*Task brief*
Pictures are to be left out, and every entry repeated exactly.
——
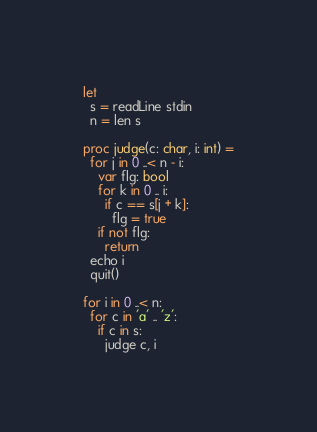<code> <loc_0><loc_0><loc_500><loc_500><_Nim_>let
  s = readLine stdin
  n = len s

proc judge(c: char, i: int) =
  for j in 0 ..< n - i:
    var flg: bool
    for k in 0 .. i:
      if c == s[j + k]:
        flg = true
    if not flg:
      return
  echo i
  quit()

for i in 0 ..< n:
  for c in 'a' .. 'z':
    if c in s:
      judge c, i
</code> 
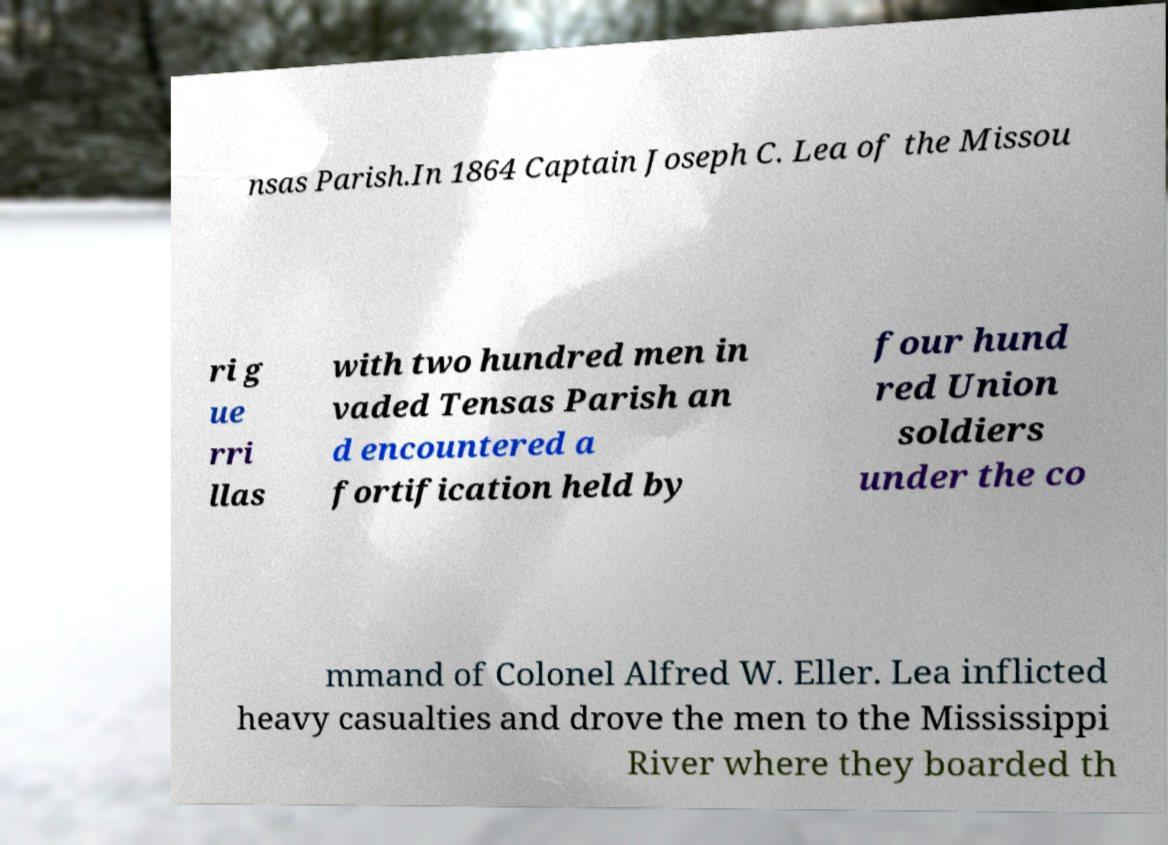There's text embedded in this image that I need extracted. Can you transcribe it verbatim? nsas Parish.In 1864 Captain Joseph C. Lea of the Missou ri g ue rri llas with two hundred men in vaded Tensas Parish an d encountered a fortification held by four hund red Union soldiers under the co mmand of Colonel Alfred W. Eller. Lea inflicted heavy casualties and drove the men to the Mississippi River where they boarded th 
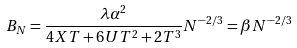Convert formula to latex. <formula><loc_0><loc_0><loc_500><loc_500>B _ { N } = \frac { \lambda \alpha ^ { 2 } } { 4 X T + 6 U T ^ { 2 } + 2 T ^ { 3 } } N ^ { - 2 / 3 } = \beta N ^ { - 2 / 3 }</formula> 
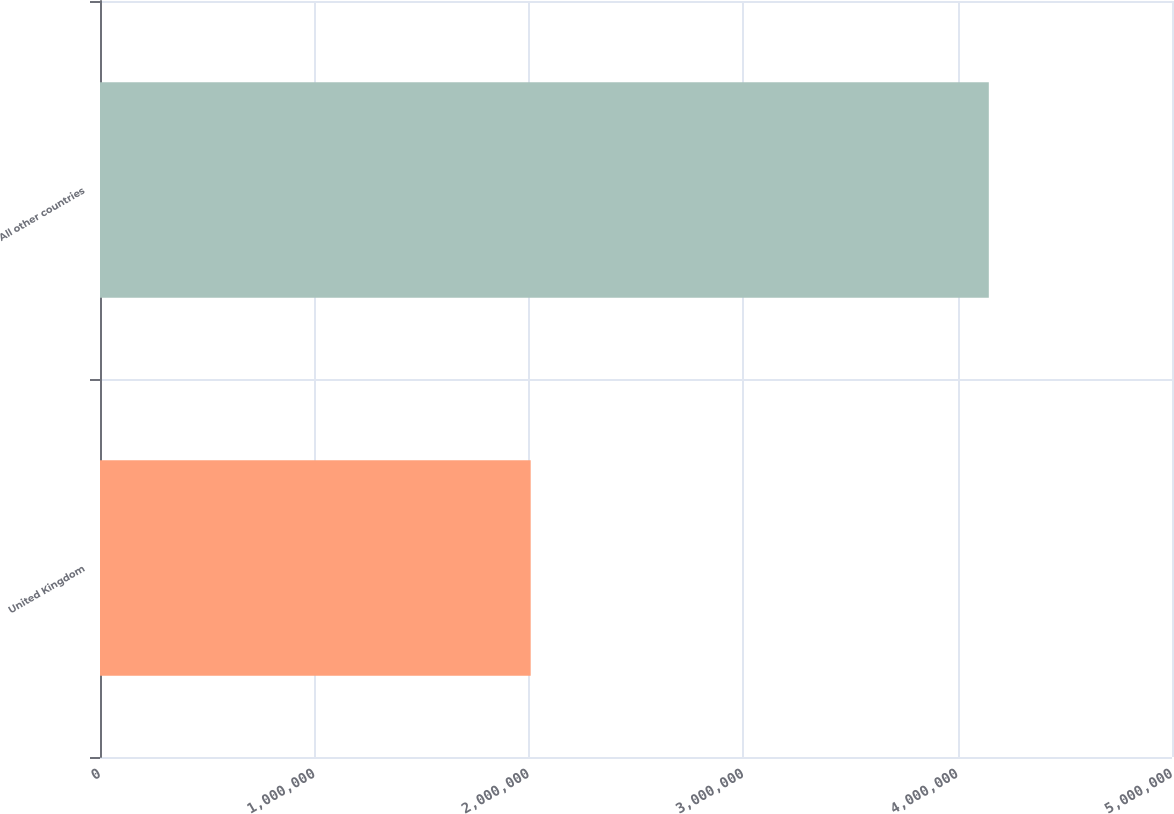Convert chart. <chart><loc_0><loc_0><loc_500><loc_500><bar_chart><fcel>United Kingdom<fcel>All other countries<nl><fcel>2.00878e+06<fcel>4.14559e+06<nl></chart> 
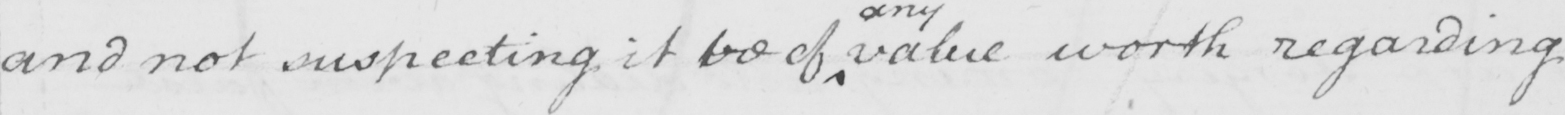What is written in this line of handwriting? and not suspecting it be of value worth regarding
——
*Task output*
<code> <loc_0><loc_0><loc_500><loc_500><_Nim_>let
  s = readLine stdin
  n = len s

proc judge(c: char, i: int) =
  for j in 0 ..< n - i:
    var flg: bool
    for k in 0 .. i:
      if c == s[j + k]:
        flg = true
    if not flg:
      return
  echo i
  quit()

for i in 0 ..< n:
  for c in 'a' .. 'z':
    if c in s:
      judge c, i
</code> 
There's text embedded in this image that I need extracted. Can you transcribe it verbatim? nsas Parish.In 1864 Captain Joseph C. Lea of the Missou ri g ue rri llas with two hundred men in vaded Tensas Parish an d encountered a fortification held by four hund red Union soldiers under the co mmand of Colonel Alfred W. Eller. Lea inflicted heavy casualties and drove the men to the Mississippi River where they boarded th 
Convert formula to latex. <formula><loc_0><loc_0><loc_500><loc_500>B _ { N } = \frac { \lambda \alpha ^ { 2 } } { 4 X T + 6 U T ^ { 2 } + 2 T ^ { 3 } } N ^ { - 2 / 3 } = \beta N ^ { - 2 / 3 }</formula> 
Convert chart. <chart><loc_0><loc_0><loc_500><loc_500><bar_chart><fcel>United Kingdom<fcel>All other countries<nl><fcel>2.00878e+06<fcel>4.14559e+06<nl></chart> 
What is written in this line of handwriting? and not suspecting it be of value worth regarding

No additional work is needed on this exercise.